• TASK GOAL: Below are entries; output exactly the lines from the one with "The horizontal FOV is 99.7°." to the one with "Sample output, numbers", both included, and nothing else.

• MATERIAL TO PROCESS:
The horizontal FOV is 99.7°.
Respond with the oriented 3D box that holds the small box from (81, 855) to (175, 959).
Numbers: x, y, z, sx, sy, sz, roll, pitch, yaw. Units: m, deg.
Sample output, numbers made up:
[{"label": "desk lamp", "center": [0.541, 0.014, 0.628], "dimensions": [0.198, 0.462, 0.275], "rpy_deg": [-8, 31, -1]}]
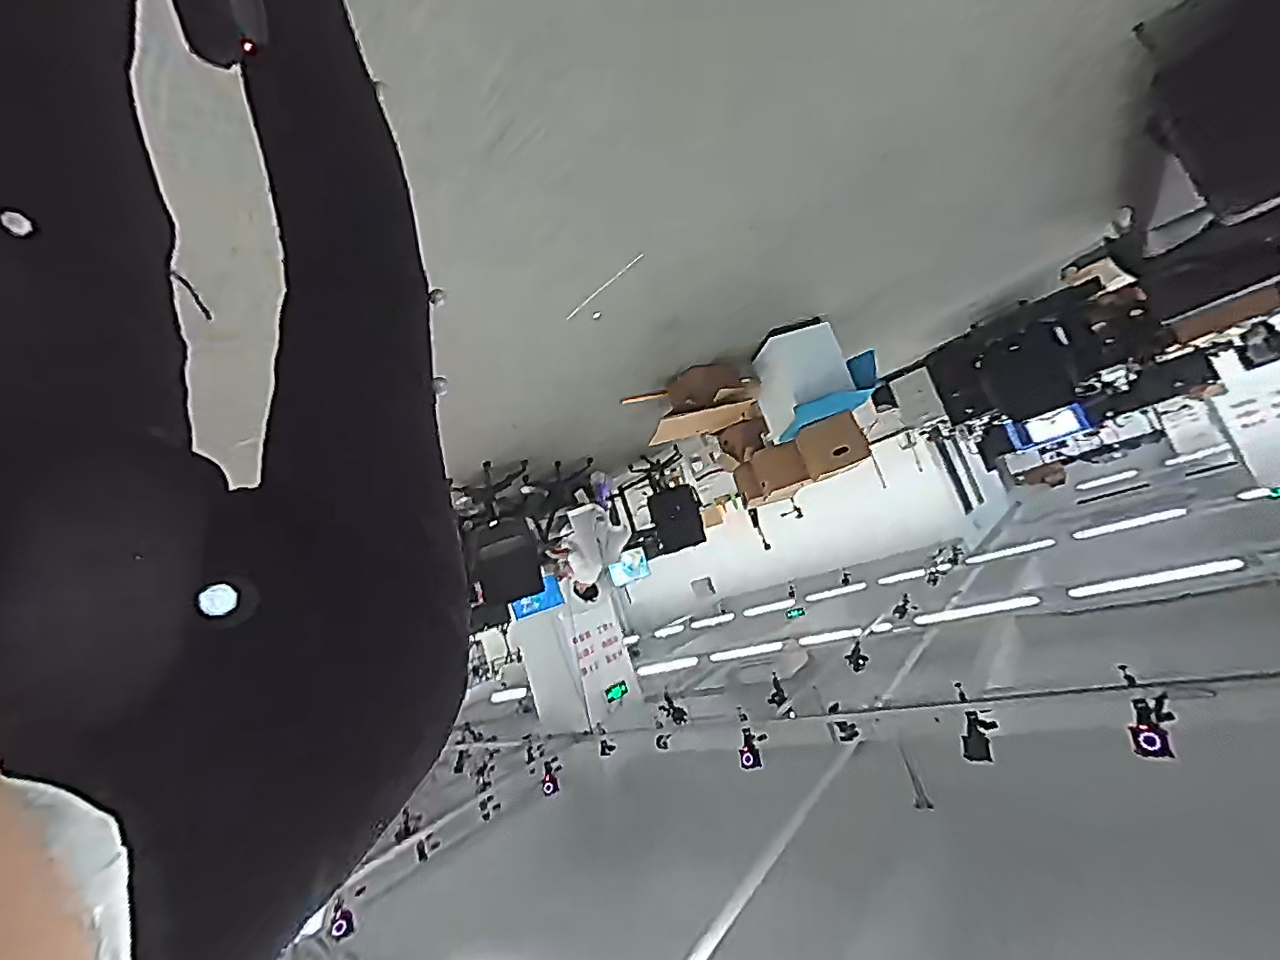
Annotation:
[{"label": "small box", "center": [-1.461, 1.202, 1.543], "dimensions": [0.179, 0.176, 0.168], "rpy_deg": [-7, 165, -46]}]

--

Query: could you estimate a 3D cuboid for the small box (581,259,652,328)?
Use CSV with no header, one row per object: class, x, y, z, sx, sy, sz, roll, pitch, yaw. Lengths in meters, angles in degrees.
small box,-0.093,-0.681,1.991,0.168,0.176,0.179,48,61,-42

• ANSWER BOX:
The horizontal FOV is 99.7°.
Respond with the oriented 3D box that holds the small box from (81, 855) to (175, 959).
Numbers: x, y, z, sx, sy, sz, roll, pitch, yaw. Units: m, deg.
Sample output, numbers made up:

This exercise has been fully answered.